限制2元组中元素的出现次数

时间:2016-05-05 13:15:04

标签: sql postgresql postgresql-9.4

我试图在SQL(或postgresql 9.4)中找到一个基于集合的查询解决方案,以解决以下问题:

我有一组有限的唯一2元组(x∈N,y∈N),它们已经分配了等级。

现在我想删除所有元组,以便剩余的元组满足以下条件:

  1. 每个数字在元组左侧最多出现n次
  2. 每个数字在右侧最多出现m次。
  3. 对于迭代有序元组的过程并计算每个元素的出现次数,这很容易做到。但是,我想知道是否有单个(postgre)SQL查询的解决方案?

    更具体地说,请考虑以下简单示例,其中n = 2,m = 2:

    ╔═══╦═══╦══════╗
    ║ x ║ y ║ rank ║
    ╠═══╬═══╬══════╣
    ║ 1 ║ 4 ║    1 ║
    ║ 2 ║ 4 ║    2 ║
    ║ 3 ║ 4 ║    3 ║
    ║ 3 ║ 5 ║    4 ║
    ║ 3 ║ 6 ║    5 ║
    ║ 3 ║ 7 ║    6 ║
    ╚═══╩═══╩══════╝
    

    现在我们正在寻找一个返回以下元组的查询:(1,4),(2,4),(3,5),(3,6)

    表和值的SQL小提琴:

       create table tab (
         x bigint,
         y bigint,
         rank bigint);
    
      insert into tab values (1,4,1);
      insert into tab values (2,4,2);
      insert into tab values (3,4,3);
      insert into tab values (3,5,4);
      insert into tab values (3,6,5);
      insert into tab values (3,7,6);
    

    我尝试过使用postgres窗口函数的方法,它解决了上面的例子,但我不确定它是否可以找到与其他示例的基于游标的方法一样多的对。

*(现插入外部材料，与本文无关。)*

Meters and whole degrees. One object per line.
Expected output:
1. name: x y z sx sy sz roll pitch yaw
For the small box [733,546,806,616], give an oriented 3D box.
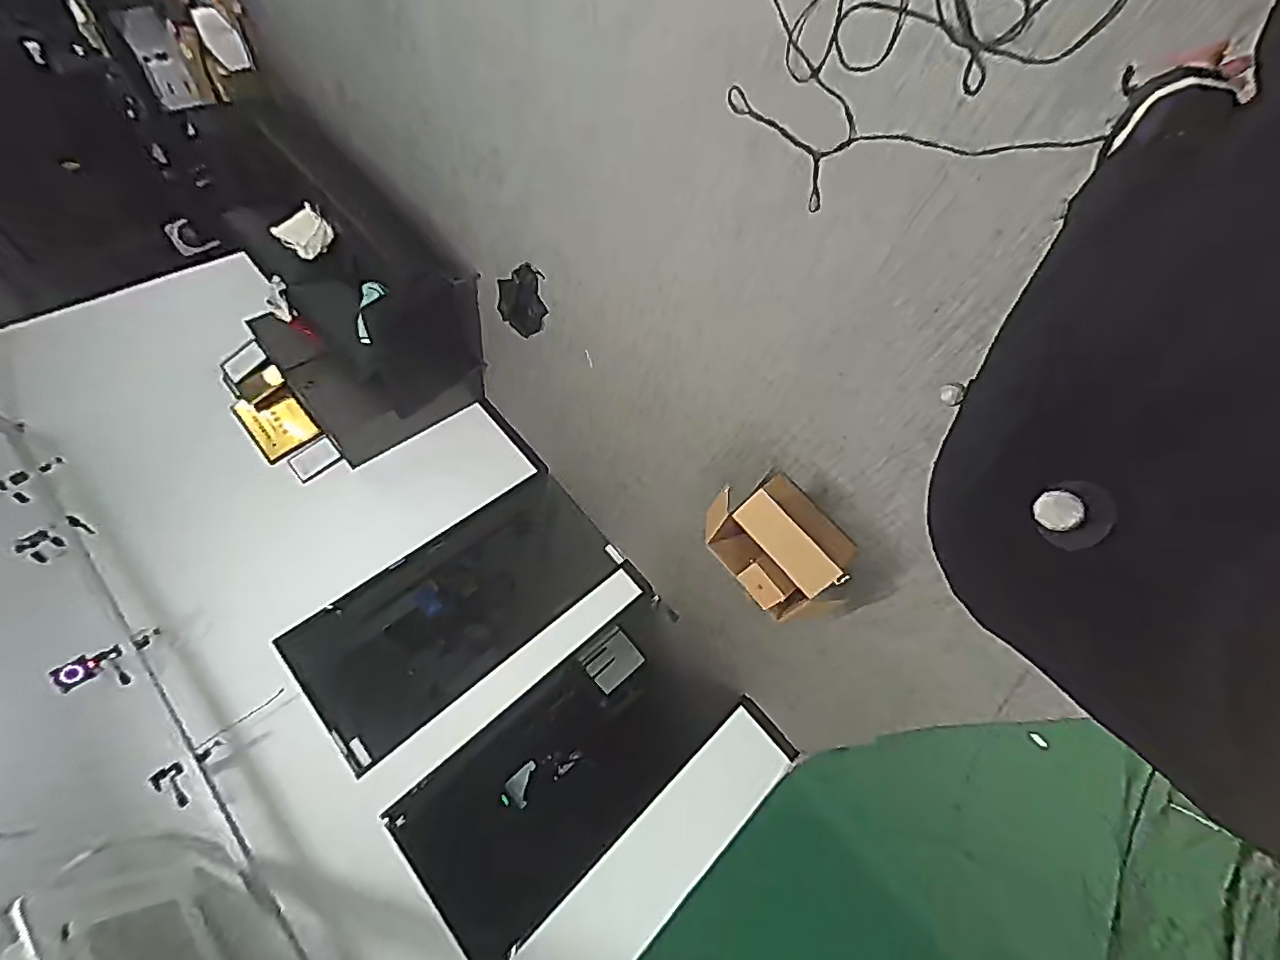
1. small box: 0.487 0.378 2.026 0.168 0.176 0.179 51 150 13
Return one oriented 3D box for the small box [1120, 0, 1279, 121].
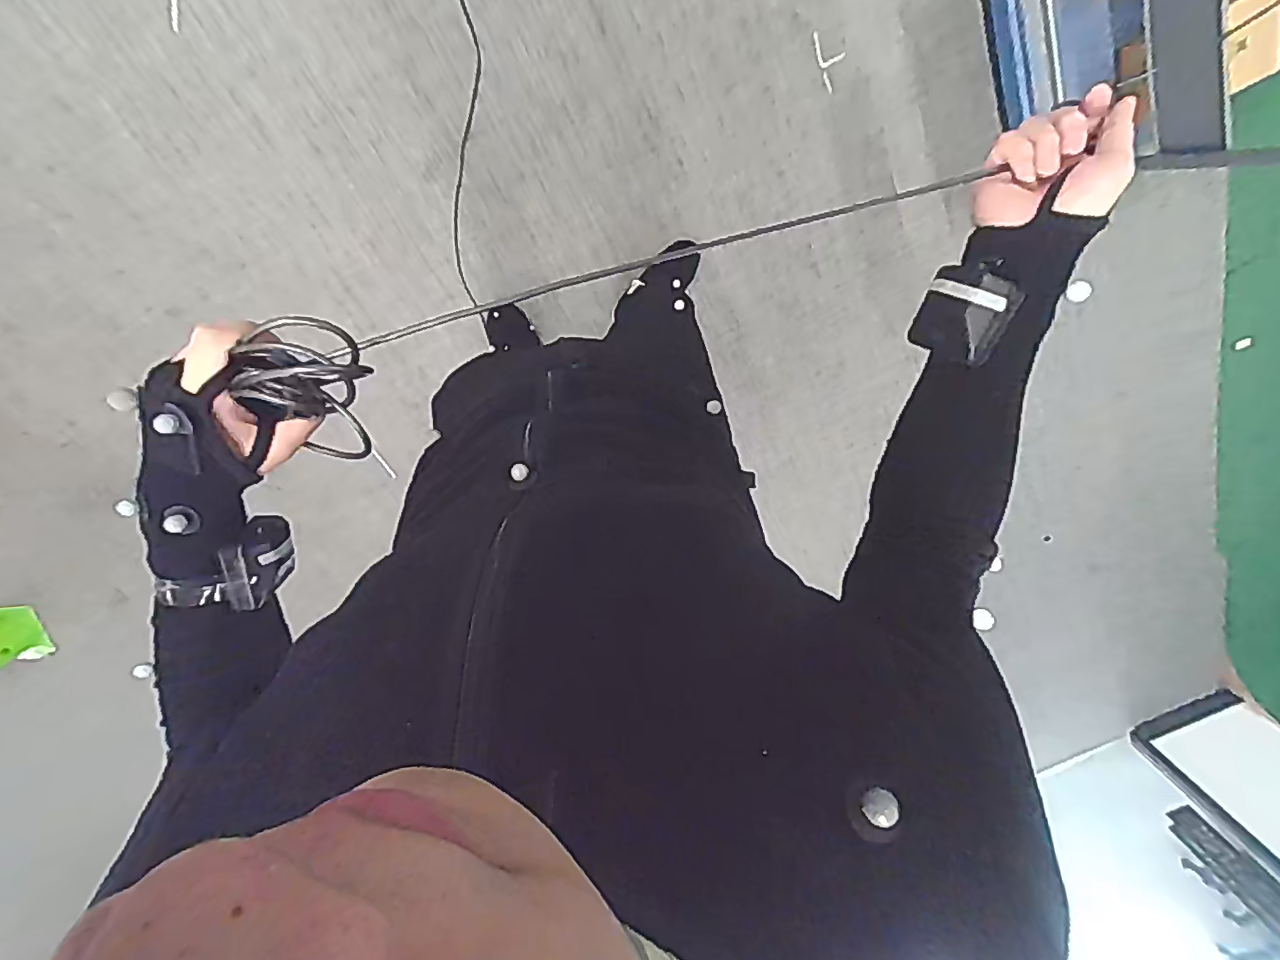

        SELECT x, y FROM (
          SELECT x, y, ROW_NUMBER() OVER (PARTITION BY x ORDER BY rank) AS rx FROM (
            SELECT x, y, rank, ROW_NUMBER() OVER (PARTITION BY y ORDER BY rank) AS ry FROM tab) AS limitY
          WHERE limitY.ry < 3) AS limitX
        WHERE limitX.rx < 3
    

2 个答案:

答案 0 :(得分:0)

这是使用单个窗函数传递的变体(可能更快):

select x, y, rank
from (
  select *, count(*) over (partition by x order by rank) as cx,
            count(*) over (partition by y order by rank) as cy
  from tab
  order by rank
  ) t
where cx < 3 and cy < 3;

还有递归CTE方法:

-- use tab directly instead of tabr CTE (and replace all ocurrences of r column with rank)
-- if rank is trusted to be sequential uninterrupted starting with 1
with recursive
  r (r, x, y, rank, cx, cy) as (
    select *, 1 as cx, 1 as cy
    from tabr where r = 1
    union all
    select t.*, case when r.x = t.x then r.cx + 1 else 1 end as cx, case when r.y = t.y then r.cy + 1 else 1 end as cy
    from r, tabr t
    where t.r = r.r + 1
    ),
  tabr as (
    select row_number() over () as r, *
    from tab
    order by rank
    )
select x, y, rank
from r
where cx <= 2 and cy <= 2
order by r;

答案 1 :(得分:0)

这个花了一段时间,但我能够在MS SQL Server中找到一个解决方案,我认为它应该转换为PostGreSQL。 SQL Server对递归CTE中的内容有一些限制,我不完全知道PostGreSQL有什么约束。也就是说,希望这对您有用或指向正确的方向。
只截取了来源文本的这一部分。